Persons unfamiliar with the surplus lines market often believe that it is not as financially strong as the admitted market, or that it has fewer consumer protections - this is not necessarily the case. Although admitted insurance companies pay an assessment of their policies to a state or a national guaranty fund, which covers consumer claims in the event that they experience an insolvency, surplus lines carriers are not required to pay this and are not a part of a guaranty fund (with the exception of carriers in the state of New Jersey). It must be noted that even the basic coverages involved in surplus lines guaranty funds are usually insufficient for commercial line risks. Additionally, many surplus lines carriers are quite financially secure, and overall, they actually have average financial ratings which are higher than those of the overall marketplace.
Recent regulatory reforms
This is also true for improved regulatory developments. For example, the Nonadmitted and Reinsurance Reform Act of 2010 simplified the regulation and taxation of surplus lines policies involving policyholders with a business presence in different states. Brokers previously had to account for the percentage of premium based on the financial and risk presence of the policyholder in each state; the Act allowed the transactions and tax payments to be regulated only by the home state of the policyholder. This greatly simplified surplus lines tax payments, as well as regulatory governance in the event of a dispute over surplus lines policy premiums. It is possible that future regulatory reforms will continue to streamline surplus lines payments and other regulations applicable to surplus lines companies.
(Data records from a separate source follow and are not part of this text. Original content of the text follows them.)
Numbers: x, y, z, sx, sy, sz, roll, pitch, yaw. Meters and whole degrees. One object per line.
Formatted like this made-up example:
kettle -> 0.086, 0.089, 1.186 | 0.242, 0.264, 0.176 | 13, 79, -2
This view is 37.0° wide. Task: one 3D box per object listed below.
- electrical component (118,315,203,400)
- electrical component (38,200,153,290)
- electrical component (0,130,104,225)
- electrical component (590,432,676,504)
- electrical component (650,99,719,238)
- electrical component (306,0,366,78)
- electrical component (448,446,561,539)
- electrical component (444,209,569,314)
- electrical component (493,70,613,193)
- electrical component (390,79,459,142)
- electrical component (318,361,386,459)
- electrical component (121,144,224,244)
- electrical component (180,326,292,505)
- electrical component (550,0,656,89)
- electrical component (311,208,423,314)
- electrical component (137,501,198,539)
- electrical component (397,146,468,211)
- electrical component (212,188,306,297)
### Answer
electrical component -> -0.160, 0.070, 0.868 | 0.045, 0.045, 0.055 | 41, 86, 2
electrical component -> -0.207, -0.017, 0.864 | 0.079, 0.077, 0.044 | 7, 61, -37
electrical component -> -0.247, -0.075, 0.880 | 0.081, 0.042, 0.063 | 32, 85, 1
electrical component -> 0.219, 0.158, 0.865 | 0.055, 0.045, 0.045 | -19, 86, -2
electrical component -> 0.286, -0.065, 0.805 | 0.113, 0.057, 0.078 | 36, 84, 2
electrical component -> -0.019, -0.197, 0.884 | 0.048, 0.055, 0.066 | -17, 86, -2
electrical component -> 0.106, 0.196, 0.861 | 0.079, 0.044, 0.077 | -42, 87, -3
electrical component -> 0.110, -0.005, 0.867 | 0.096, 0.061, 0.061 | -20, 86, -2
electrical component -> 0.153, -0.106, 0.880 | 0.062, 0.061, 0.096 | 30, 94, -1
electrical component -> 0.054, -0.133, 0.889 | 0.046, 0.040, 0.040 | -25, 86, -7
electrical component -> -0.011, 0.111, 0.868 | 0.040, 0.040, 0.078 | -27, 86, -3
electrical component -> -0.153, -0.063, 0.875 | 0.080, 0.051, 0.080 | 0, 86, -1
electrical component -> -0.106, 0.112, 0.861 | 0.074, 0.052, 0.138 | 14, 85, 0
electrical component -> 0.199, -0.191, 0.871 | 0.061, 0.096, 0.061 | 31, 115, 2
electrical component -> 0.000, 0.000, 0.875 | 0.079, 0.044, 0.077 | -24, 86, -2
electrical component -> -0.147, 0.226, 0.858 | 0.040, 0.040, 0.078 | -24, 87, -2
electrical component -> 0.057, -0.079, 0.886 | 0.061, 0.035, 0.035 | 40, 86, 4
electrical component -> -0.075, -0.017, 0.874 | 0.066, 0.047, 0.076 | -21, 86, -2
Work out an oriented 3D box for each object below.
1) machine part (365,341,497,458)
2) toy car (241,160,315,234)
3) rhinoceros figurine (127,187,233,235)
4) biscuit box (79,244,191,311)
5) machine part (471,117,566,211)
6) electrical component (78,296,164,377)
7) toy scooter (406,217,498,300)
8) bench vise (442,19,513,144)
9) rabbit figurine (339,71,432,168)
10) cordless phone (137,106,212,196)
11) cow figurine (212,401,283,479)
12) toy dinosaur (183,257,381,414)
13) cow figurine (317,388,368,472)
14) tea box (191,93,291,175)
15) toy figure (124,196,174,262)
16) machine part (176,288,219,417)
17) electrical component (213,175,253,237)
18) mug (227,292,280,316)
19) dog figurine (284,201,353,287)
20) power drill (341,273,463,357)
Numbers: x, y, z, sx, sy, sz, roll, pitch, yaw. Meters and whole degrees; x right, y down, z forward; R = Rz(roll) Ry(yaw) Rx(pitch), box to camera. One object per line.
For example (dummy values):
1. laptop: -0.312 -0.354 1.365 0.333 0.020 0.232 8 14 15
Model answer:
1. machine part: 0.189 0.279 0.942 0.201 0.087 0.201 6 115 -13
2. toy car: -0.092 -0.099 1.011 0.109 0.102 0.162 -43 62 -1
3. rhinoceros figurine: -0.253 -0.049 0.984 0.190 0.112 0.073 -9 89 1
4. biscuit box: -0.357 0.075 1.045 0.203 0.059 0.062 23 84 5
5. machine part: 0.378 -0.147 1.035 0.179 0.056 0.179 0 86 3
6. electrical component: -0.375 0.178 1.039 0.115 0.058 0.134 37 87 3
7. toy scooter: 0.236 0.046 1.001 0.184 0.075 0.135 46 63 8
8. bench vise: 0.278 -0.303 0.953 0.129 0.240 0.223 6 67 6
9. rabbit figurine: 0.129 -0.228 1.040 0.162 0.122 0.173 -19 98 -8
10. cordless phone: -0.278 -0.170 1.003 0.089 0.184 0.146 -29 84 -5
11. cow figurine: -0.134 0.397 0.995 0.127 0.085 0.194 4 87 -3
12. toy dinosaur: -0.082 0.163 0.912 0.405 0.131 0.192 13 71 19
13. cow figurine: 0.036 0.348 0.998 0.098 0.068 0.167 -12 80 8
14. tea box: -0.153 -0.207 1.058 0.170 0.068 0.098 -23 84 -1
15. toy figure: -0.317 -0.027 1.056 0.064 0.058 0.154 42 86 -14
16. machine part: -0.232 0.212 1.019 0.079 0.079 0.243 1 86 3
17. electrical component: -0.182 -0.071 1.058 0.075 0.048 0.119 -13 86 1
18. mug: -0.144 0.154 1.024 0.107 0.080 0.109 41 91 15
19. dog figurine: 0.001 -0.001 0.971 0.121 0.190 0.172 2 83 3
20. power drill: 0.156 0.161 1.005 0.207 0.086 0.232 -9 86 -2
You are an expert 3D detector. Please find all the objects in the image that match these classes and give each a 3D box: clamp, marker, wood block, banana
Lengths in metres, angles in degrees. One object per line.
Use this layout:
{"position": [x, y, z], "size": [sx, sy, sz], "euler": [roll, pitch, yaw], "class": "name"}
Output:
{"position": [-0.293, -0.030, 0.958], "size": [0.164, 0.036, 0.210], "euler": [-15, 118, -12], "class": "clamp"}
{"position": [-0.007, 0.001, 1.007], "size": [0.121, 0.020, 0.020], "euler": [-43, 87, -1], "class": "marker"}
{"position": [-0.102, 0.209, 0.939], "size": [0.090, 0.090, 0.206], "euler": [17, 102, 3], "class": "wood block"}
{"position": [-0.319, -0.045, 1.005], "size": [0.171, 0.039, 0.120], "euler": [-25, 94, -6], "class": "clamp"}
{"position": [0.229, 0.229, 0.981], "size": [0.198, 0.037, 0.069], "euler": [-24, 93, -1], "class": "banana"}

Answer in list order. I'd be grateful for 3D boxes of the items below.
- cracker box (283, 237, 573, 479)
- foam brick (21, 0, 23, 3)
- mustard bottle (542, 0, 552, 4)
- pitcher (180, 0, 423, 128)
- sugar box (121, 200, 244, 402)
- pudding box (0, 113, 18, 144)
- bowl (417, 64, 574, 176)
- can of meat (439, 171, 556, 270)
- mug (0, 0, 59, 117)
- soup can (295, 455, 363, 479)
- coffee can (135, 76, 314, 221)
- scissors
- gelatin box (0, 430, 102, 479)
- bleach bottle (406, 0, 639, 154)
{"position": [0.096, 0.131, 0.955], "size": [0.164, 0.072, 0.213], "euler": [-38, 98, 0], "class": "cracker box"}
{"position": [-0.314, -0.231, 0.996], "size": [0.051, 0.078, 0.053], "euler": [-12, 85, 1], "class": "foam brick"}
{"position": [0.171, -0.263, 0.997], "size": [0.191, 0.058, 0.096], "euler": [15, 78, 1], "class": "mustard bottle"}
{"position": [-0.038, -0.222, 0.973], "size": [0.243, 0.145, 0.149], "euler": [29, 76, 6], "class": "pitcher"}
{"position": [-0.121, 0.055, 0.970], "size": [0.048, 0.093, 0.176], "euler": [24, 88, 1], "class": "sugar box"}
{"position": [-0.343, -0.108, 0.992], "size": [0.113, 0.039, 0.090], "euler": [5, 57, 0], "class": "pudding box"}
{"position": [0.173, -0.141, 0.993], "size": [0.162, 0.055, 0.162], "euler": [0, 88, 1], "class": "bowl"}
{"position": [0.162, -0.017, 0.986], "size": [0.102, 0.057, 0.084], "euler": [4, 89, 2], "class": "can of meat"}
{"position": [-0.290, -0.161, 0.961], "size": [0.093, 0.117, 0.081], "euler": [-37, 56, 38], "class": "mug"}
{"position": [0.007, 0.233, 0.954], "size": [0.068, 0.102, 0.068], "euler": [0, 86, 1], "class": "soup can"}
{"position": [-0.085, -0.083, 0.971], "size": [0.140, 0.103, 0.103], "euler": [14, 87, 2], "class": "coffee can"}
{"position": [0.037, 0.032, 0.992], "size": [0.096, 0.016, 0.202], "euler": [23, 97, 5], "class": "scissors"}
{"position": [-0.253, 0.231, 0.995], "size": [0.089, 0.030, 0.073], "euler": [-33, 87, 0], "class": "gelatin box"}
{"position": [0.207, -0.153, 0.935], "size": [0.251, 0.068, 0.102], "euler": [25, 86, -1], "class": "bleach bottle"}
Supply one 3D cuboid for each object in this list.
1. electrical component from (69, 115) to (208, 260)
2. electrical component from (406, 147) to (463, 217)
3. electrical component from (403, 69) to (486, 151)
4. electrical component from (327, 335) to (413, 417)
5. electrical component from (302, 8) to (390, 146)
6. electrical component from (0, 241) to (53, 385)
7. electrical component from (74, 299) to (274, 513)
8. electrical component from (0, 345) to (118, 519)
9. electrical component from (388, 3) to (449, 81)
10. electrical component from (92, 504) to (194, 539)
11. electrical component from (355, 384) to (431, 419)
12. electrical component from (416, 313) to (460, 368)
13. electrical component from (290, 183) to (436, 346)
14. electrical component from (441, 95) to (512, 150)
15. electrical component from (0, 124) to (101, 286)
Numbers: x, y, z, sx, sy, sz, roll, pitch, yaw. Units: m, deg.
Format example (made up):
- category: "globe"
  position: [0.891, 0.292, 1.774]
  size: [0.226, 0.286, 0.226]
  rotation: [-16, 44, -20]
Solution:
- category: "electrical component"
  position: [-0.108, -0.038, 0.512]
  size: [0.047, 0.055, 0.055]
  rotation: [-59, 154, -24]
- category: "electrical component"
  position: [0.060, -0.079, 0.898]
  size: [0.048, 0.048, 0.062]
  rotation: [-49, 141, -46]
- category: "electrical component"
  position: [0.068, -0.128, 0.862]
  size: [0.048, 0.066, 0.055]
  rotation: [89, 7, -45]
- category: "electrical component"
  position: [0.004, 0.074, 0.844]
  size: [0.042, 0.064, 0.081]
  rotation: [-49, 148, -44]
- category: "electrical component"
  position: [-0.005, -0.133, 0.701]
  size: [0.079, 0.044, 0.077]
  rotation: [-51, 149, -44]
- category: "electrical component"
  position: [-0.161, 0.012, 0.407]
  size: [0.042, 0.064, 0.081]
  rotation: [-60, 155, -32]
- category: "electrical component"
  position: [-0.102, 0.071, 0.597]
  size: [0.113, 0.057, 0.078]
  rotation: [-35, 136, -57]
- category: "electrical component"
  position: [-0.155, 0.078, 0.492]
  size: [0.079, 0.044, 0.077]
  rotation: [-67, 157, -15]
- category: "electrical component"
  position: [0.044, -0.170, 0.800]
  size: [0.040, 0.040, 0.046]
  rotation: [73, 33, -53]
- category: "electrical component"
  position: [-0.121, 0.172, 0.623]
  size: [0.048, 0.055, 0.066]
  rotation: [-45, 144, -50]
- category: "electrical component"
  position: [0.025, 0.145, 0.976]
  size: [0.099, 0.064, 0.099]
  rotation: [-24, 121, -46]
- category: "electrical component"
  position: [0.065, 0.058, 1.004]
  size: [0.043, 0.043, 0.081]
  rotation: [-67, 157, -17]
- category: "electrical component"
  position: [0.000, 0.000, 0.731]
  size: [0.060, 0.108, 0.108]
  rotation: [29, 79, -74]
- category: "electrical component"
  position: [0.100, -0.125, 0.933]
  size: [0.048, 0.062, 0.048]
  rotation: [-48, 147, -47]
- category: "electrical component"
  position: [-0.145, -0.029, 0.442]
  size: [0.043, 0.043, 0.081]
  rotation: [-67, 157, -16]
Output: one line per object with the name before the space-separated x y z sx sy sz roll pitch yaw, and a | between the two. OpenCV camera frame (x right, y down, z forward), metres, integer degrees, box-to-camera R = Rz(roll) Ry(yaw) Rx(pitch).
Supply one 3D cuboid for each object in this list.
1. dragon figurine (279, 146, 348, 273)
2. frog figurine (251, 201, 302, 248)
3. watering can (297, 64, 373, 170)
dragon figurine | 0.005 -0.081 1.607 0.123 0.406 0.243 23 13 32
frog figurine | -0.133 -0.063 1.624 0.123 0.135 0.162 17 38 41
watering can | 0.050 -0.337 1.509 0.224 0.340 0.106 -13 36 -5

An article in Insurance Business Magazine stated that the total reported surplus lines premium was $41.7 Billion for the 2020 year. The industry is growing at an increasingly faster rate, allowing for more innovation and opportunities as emerging risks require skilled professionals and sophisticated products to address their needs. This demonstrates the need for technological innovations to adapt to the surplus lines market and to enable the delivery of insurance products at much faster levels than ever before.